The first to fall was former world champion, Viswanathan Anand in Round 2 who went down to Anton Kovalyov after making a speculative sacrifice. Kovalyov was at the centre of a controversy in Round 3. 

The Ukrainian-Argentine, who now plays for Canada, usually wears shorts and he had done so through the first two rounds without fuss. In Round 3, he was hauled up for breaking the dress code (which does not explicitly forbid shorts and can’t, in fact, ban shorts because schoolchildren play chess). This erupted into an argument where organiser, GM Zurab Azmaiparashvili, berated him for “being a gypsy”. Azmaiparashvili later clarified that he was using “gypsy” as a synonym for “homeless”. Kovalyov left Tbilisi in a huff, forfeiting the match to Maxim Rodshtein.

But even that row, distasteful as it was, ended up overshadowed by the exit of Magnus Carlsen. The world champion went down to Bu Xiangzhi who played a positional sacrifice and generated pressure until Carlsen cracked. Bu then shut down the position efficiently in the second game of Rd 3. 

A third former world champion, Vladimir Kramnik, went down to Vassily Ivanchuk though nothing Ivanchuk does will be considered surprising by his fan following. The 48-year-old is perhaps the only player universally acknowledged as a genius by every generation from Anatoly Karpov to Carlsen.

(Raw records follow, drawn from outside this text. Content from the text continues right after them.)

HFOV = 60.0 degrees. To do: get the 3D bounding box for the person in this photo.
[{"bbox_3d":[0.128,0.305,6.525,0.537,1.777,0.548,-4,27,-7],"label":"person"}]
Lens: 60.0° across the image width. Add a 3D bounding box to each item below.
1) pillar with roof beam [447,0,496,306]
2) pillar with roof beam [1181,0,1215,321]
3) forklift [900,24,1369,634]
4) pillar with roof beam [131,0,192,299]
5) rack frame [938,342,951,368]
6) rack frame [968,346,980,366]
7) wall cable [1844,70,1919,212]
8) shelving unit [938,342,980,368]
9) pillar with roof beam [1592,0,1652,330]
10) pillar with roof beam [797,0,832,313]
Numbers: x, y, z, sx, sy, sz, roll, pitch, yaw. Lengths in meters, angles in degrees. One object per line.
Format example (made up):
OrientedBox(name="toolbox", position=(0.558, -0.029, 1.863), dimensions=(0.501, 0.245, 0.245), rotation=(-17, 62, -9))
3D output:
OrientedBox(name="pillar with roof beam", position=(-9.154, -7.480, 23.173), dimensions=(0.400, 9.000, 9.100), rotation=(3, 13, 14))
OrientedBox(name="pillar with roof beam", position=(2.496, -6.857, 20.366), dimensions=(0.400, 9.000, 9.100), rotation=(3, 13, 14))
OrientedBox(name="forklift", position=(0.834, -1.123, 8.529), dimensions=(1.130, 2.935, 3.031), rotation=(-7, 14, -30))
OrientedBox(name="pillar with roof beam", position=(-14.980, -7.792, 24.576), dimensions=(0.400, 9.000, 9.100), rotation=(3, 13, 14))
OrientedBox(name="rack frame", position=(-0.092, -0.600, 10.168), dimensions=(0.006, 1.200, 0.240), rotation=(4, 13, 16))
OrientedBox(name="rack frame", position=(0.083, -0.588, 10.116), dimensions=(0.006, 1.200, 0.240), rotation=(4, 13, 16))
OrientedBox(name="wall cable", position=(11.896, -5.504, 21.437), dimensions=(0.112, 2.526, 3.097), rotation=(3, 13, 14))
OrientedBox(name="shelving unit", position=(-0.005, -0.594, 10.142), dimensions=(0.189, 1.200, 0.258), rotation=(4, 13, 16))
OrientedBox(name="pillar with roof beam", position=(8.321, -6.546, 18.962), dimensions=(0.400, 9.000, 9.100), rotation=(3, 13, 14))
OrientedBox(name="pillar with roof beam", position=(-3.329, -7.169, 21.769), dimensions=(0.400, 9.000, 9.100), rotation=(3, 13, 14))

Fabiano Caruana also went down to Evgeniy Najer. 

The Indian challenge also ended in Round 3. Vidit Gujrathi was winning in Game 1 versus Ding Liren but he failed to finish it and lost the tiebreaks. S P Sethuraman was completely winning versus Anish Giri and also failed to nail it down, after a series of blunders. Sethu also lost the tiebreak. 

Round 4 saw Levon Aronian break through Daniil Dubov. Ding Liren beat Wang Hao. Ivanchuk took down Anish Giri. Tiebreaks led to Peter Svidler beating Bu, Vladimir Fedoseev beat Maxim Rodshtein, Maxime Vachier-Lagrave beat Alexander Grischuk, Wesley So beat Baadur Jobava and Richard Rapport won against Evgeniy Najer. 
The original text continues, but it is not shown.